In [1]:

import s3fs
import requests
from urllib import request
from http.cookiejar import CookieJar
import numpy as np
import xarray as xr
import matplotlib.pyplot as plt
from json import dumps
from io import StringIO
from os.path import dirname, join
import netrc

import os
import fsspec
import ujson   # fast json
from fsspec_reference_maker.hdf import SingleHdf5ToZarr 
from fsspec_reference_maker.combine import MultiZarrToZarr
import xarray as xr
import dask
import hvplot.xarray

In [2]:

import fsspec_reference_maker
fsspec_reference_maker.__version__

Out[2]:

'0.0.3+5.gfda8a53'

code for setting up earthdata_login from here
for the earthdata login to work you need to create a .netrc file on your home directory
.netrc file contains:\

machine urs.earthdata.nasa.gov
login 'earthdata username'
password 'password'

In [3]:

#########Setting up earthdata login credentials 
def setup_earthdata_login_auth(endpoint):
    """
    Set up the request library so that it authenticates against the given Earthdata Login
    endpoint and is able to track cookies between requests.  This looks in the .netrc file 
    first and if no credentials are found, it prompts for them.
    Valid endpoints:
        urs.earthdata.nasa.gov - Earthdata Login production
    """
    try:
        username, _, password = netrc.netrc().authenticators(endpoint)
    except (FileNotFoundError, TypeError):
        # FileNotFound = There's no .netrc file
        # TypeError = The endpoint isn't in the netrc file, causing the above to try unpacking None
        print("There's no .netrc file or the The endpoint isn't in the netrc file")
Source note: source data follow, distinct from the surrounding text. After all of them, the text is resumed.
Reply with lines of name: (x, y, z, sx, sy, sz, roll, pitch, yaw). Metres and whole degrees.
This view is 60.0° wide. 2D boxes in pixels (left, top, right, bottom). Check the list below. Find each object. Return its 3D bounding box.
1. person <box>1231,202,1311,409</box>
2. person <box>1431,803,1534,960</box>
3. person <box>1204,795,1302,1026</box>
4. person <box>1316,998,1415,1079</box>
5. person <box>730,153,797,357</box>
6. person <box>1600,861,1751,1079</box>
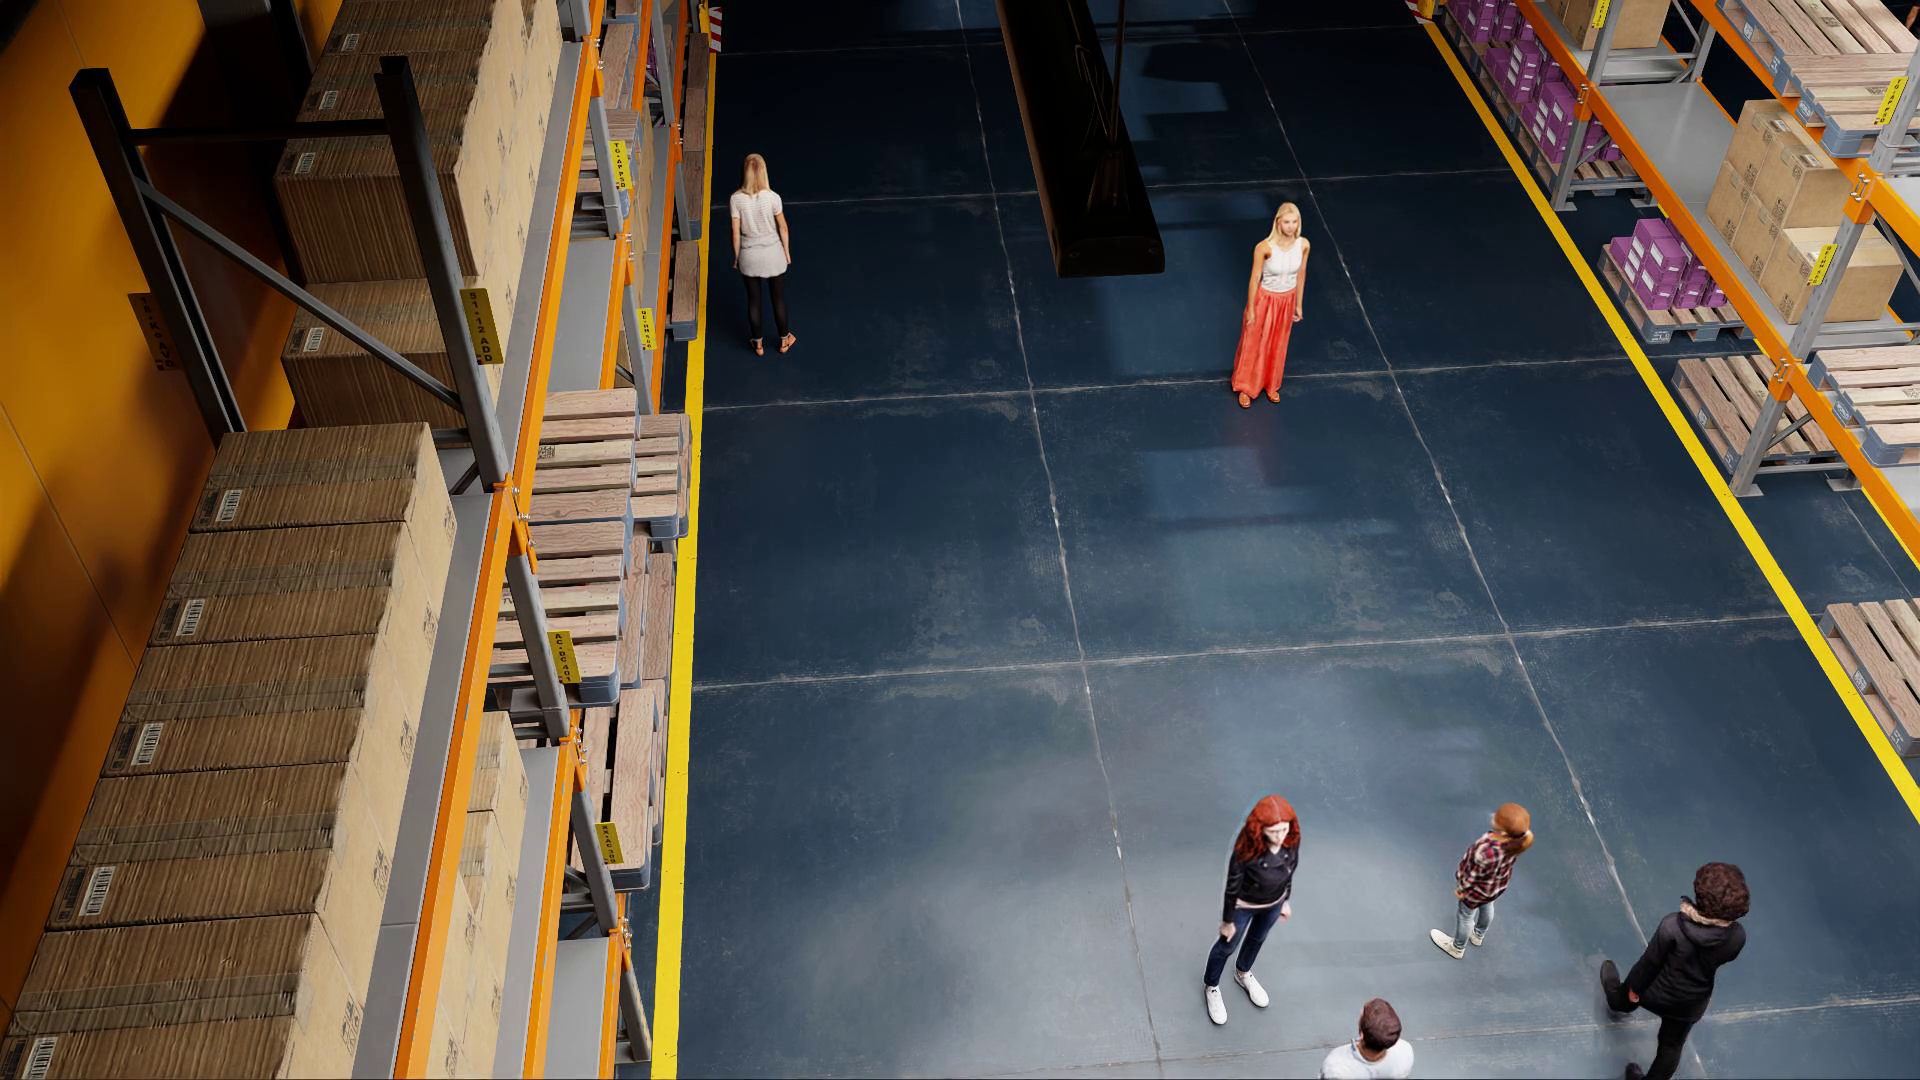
person: (2.429, -1.836, 12.932, 0.656, 1.802, 0.620, -9, 44, -10)
person: (2.960, 1.910, 9.361, 0.614, 1.305, 0.644, -22, 48, -22)
person: (1.586, 1.967, 8.952, 0.632, 1.787, 0.608, -16, 46, -16)
person: (1.885, 2.782, 8.052, 0.701, 1.848, 0.633, -13, 45, -13)
person: (-1.596, -2.277, 13.378, 0.609, 1.826, 0.507, -3, 44, -4)
person: (3.698, 2.368, 8.577, 0.786, 1.724, 1.130, 5, 44, 5)
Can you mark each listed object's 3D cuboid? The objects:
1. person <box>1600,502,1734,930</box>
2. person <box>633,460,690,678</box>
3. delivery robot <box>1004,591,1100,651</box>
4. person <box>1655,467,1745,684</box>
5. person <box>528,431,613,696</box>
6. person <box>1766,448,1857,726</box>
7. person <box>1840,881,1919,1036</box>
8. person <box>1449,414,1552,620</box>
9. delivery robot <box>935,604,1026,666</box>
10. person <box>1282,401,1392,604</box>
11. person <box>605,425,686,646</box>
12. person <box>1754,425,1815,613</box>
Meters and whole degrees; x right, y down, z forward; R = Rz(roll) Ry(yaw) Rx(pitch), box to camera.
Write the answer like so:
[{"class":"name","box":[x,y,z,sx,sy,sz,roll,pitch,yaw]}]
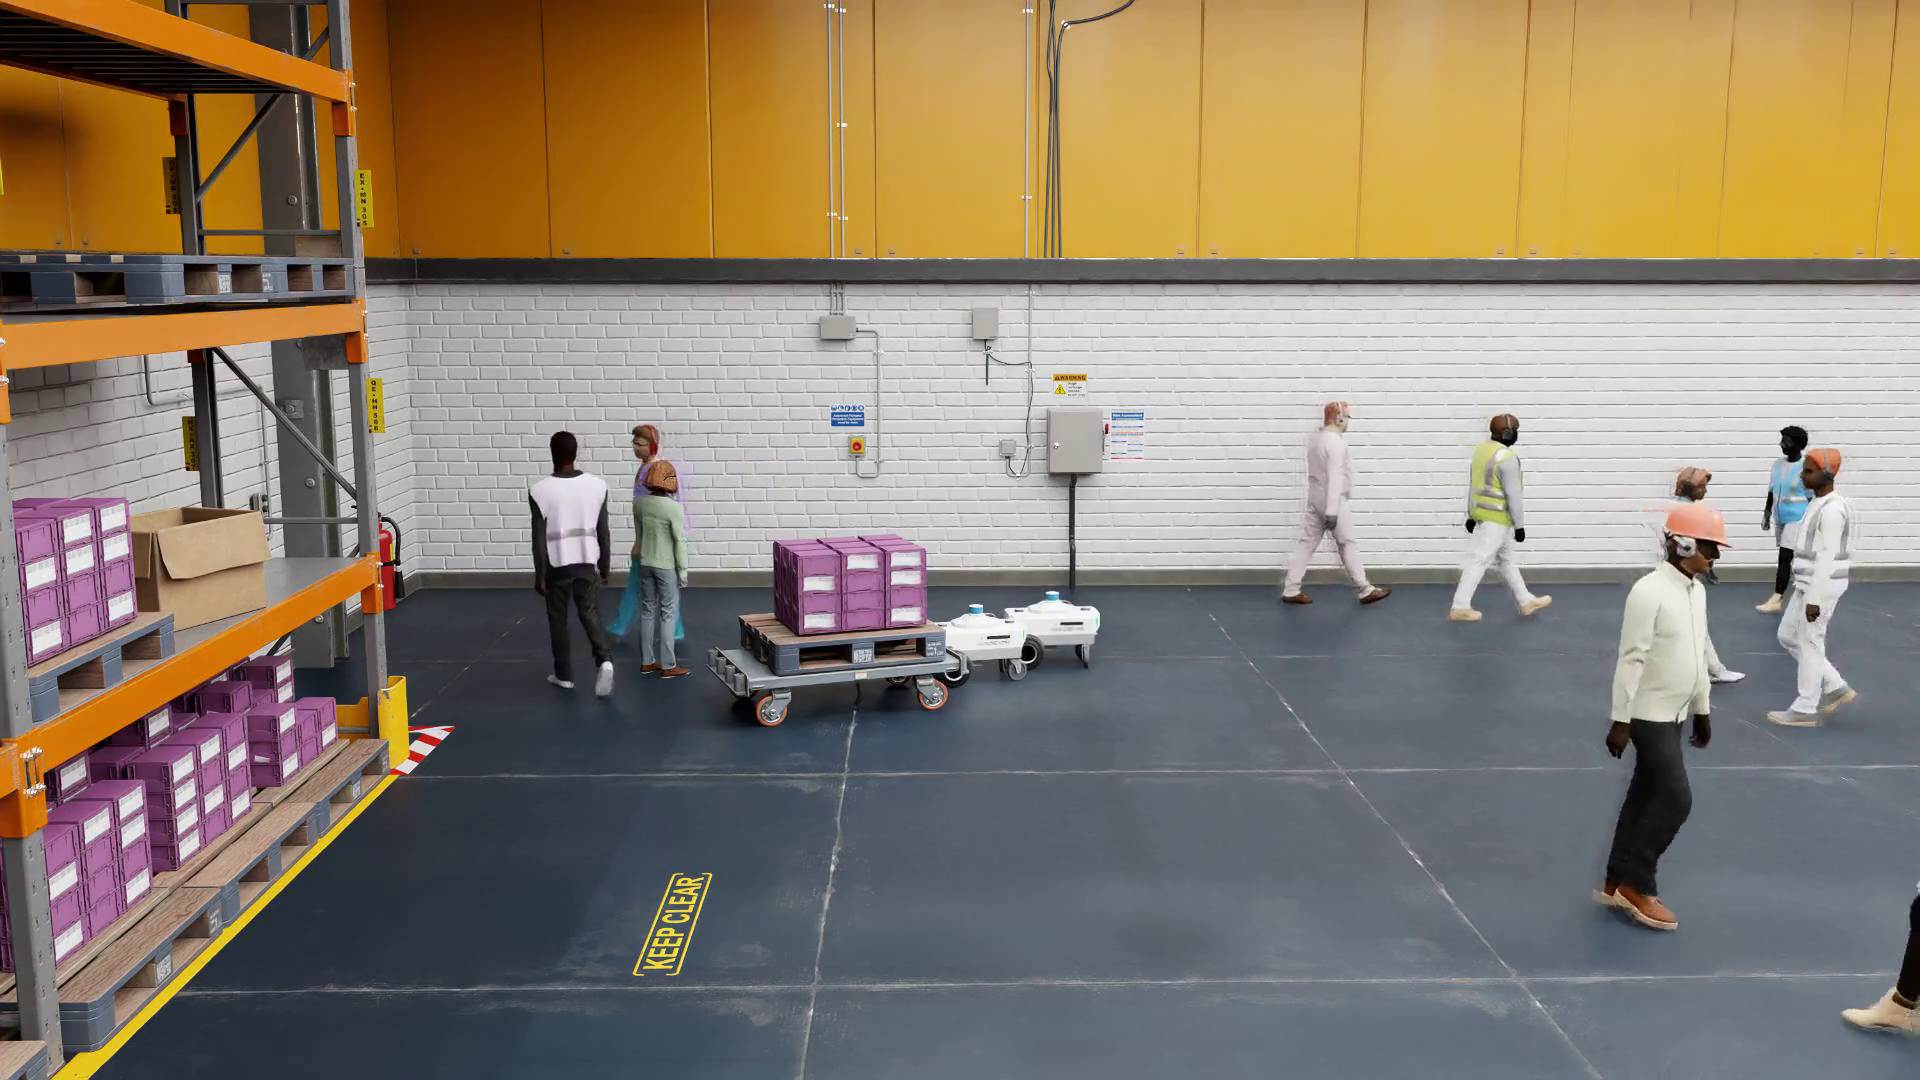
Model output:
[{"class":"person","box":[3.287,0.806,7.689,0.643,1.969,0.593,-9,13,-42]},{"class":"person","box":[-2.223,0.214,12.389,0.494,1.624,0.278,6,11,32]},{"class":"delivery robot","box":[0.707,0.639,12.765,0.707,0.478,0.477,-1,9,-7]},{"class":"person","box":[5.334,0.269,12.114,0.843,1.591,0.507,5,10,27]},{"class":"person","box":[-2.746,0.173,11.852,0.598,1.893,0.826,-6,11,-33]},{"class":"person","box":[5.647,0.322,10.960,0.438,1.872,0.611,3,10,19]},{"class":"person","box":[3.979,1.186,6.335,0.902,1.649,0.530,4,10,22]},{"class":"person","box":[4.686,-0.191,14.343,0.979,1.789,0.649,-1,9,-5]},{"class":"delivery robot","box":[0.121,0.719,12.272,0.707,0.478,0.477,-2,10,-15]},{"class":"person","box":[3.378,-0.325,14.990,1.013,1.848,0.672,-2,9,-11]},{"class":"person","box":[-2.588,-0.012,13.266,0.854,1.812,0.583,-3,10,-17]},{"class":"person","box":[7.441,-0.192,14.750,0.769,1.670,0.535,-2,9,-13]}]
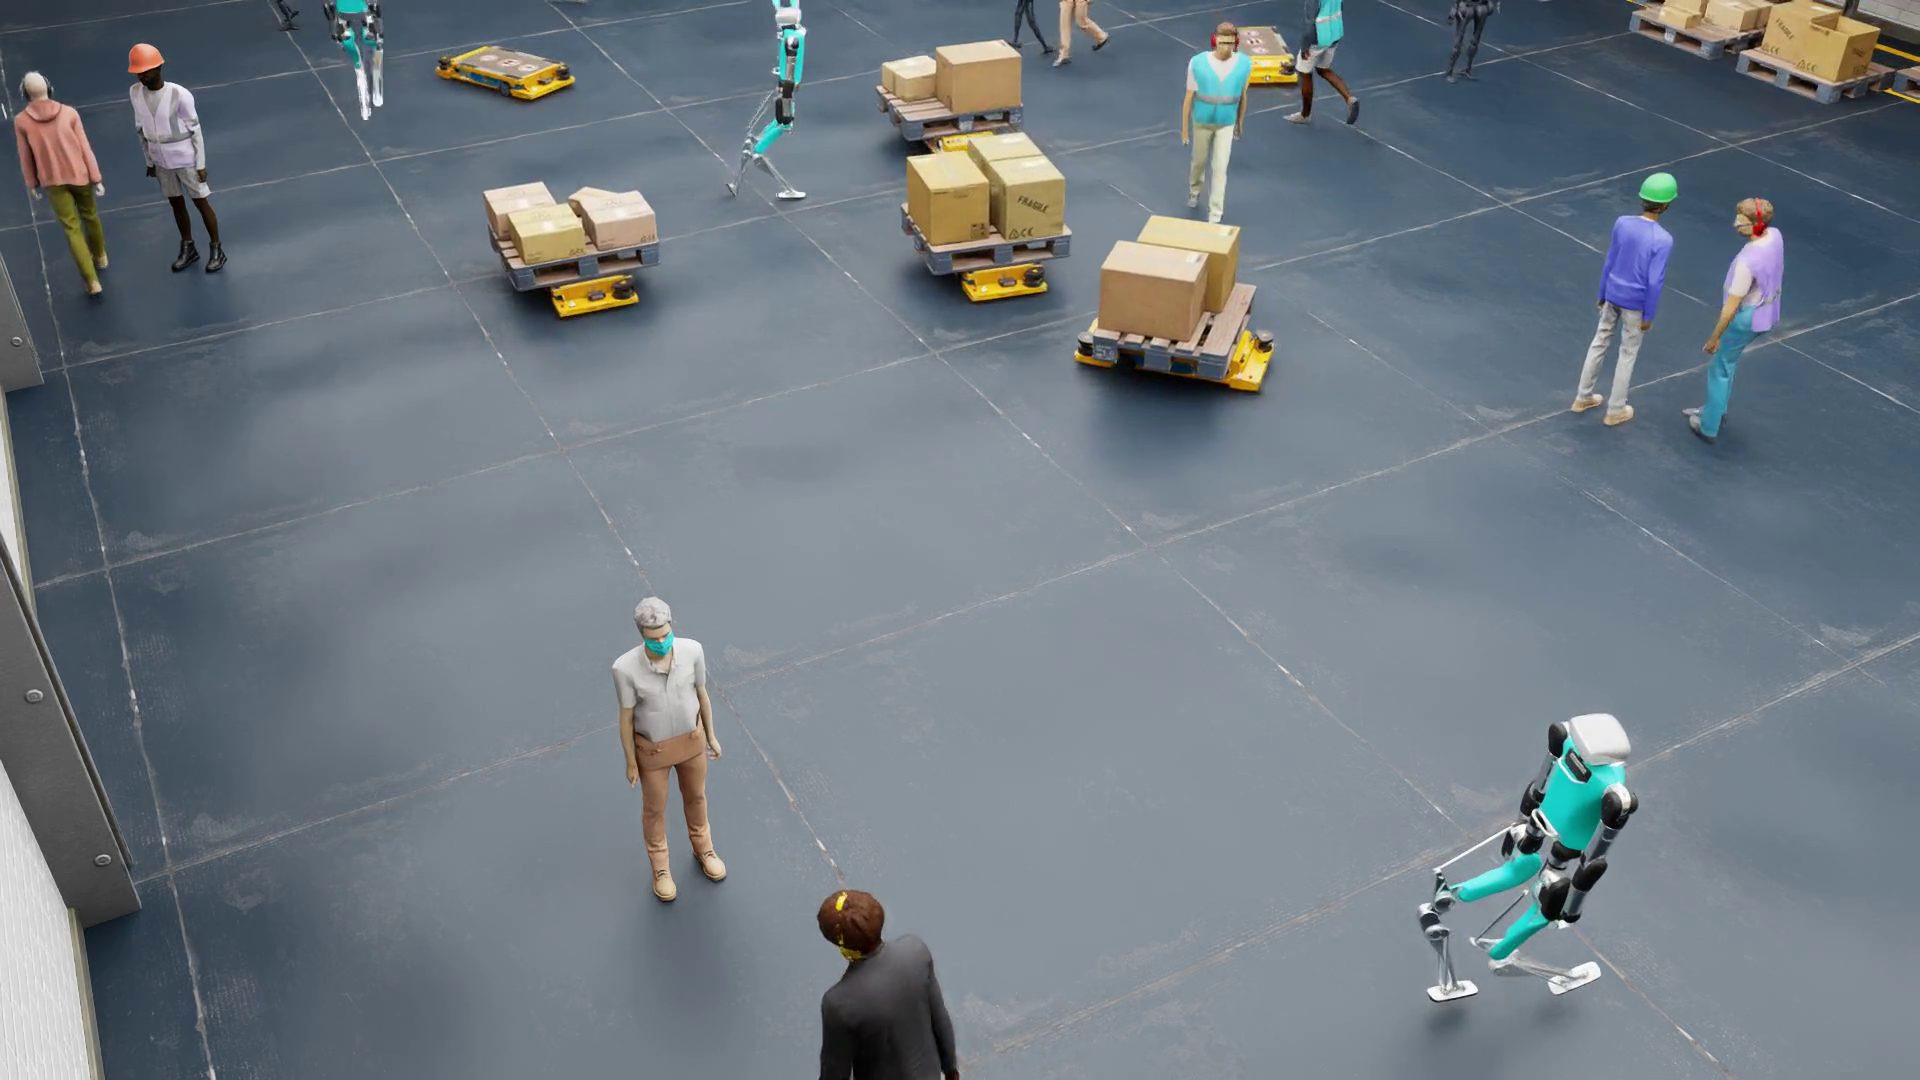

    manager = request.HTTPPasswordMgrWithDefaultRealm()
    manager.add_password(None, endpoint, username, password)
    auth = request.HTTPBasicAuthHandler(manager)

    jar = CookieJar()
    processor = request.HTTPCookieProcessor(jar)
    opener = request.build_opener(auth, processor)
    request.install_opener(opener)

###############################################################################
edl="urs.earthdata.nasa.gov"
setup_earthdata_login_auth(edl)

def begin_s3_direct_access():
    url="https://archive.podaac.earthdata.nasa.gov/s3credentials"
    response = requests.get(url).json()
    return s3fs.S3FileSystem(key=response['accessKeyId'],secret=response['secretAccessKey'],token=response['sessionToken'],client_kwargs={'region_name':'us-west-2'})

In [4]:

import os
import sys
sys.path.append(os.path.join(os.environ['HOME'],'shared','users','lib'))
import ebdpy as ebd

ebd.set_credentials(profile='esip-qhub')

profile = 'esip-qhub'
region = 'us-west-2'
endpoint = f's3.{region}.amazonaws.com'
ebd.set_credentials(profile=profile, region=region, endpoint=endpoint)
worker_max = 30
client,cluster = ebd.start_dask_cluster(profile=profile,worker_max=worker_max, 
                                      region=region, use_existing_cluster=True,
                                      adaptive_scaling=False, wait_for_cluster=False, 
                                      environment='pangeo', worker_profile='Medium Worker', 
                                      propagate_env=True)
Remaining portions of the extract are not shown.